Joe Biden will call Ukrainian President Volodymyr Zelensky on Sunday after warning his Russian counterpart Vladimir Putin this week against any attempt to invade the country.
• Read also: An exchange of warnings between Biden and Putin over Ukraine
“I have clearly said to President Putin that we will take tough sanctions and that we will increase our presence in Europe, among our NATO allies,” the US president announced his interrogation Friday in his phone conversation the day before with Mr. Putin.
“We were clear: He can’t, I repeat, he can’t invade Ukraine,” he told reporters at the exit of a restaurant in Wilmington, Delaware, where he was passing with his family for the year-end festivities.
For his part, the Russian President said that the new sanctions against Moscow would be a “fatal mistake.”
After this 50-minute phone conversation – the second in less than a month – the two men nonetheless praised the diplomatic path out of the crisis.
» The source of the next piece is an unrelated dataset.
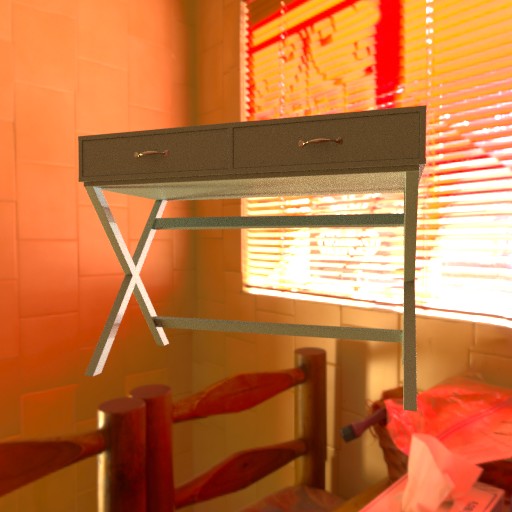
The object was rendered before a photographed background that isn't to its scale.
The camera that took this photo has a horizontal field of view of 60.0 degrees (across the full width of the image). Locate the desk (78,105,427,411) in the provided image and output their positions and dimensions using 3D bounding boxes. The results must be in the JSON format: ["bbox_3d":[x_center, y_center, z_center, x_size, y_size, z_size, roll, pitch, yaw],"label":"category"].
[{"bbox_3d":[0.000,0.000,1.515,1.057,0.780,0.525,0,2,18],"label":"desk"}]

A White House official said Biden will reaffirm to Ukraine’s president on Sunday “U.S. support for Ukraine’s independence and territorial integrity.”
The official added that Joe Biden “will discuss Russia’s military deployment on Ukraine’s borders and review preparations for upcoming diplomatic meetings aimed at reducing tension in the region.”
Volodymyr Zelensky said on Twitter that he was impatient for the US president to discuss “ways to coordinate our actions in the interests of peace in Ukraine and security in Europe.”
In addition, Secretary of State Anthony Blinken announced that he called NATO Secretary General Jens Stoltenberg on Friday. In a tweet, the head of US diplomacy called on Russia to “get seriously involved” in negotiations aimed at allowing tensions over Ukraine to de-escalate.
Kiev and its Western allies accuse Moscow of massing tens of thousands of troops on the country’s borders in anticipation of a possible invasion.
NATO is “united” and “ready for dialogue”, tweeted by Mr. Stoltenberg.
The United States and Russia are scheduled to hold talks on Ukraine from January 10-11 in Geneva. Led by US Deputy Secretary of State Wendy Sherman and her Russian counterpart Sergei Ryabkov, they will be followed on January 12 by a meeting between Russia and NATO, and then on January 13 by a meeting within the framework of the Organization for Security and Cooperation in Europe.
The United States, accused of leading some international issues without paying much attention to its allies, insists precisely on close coordination with Europeans and Ukrainians.
Russia, which already annexed part of Crimea in 2014, is also widely regarded as the godfather of pro-Russian separatists in the conflict that has been tearing the country’s east for nearly eight years.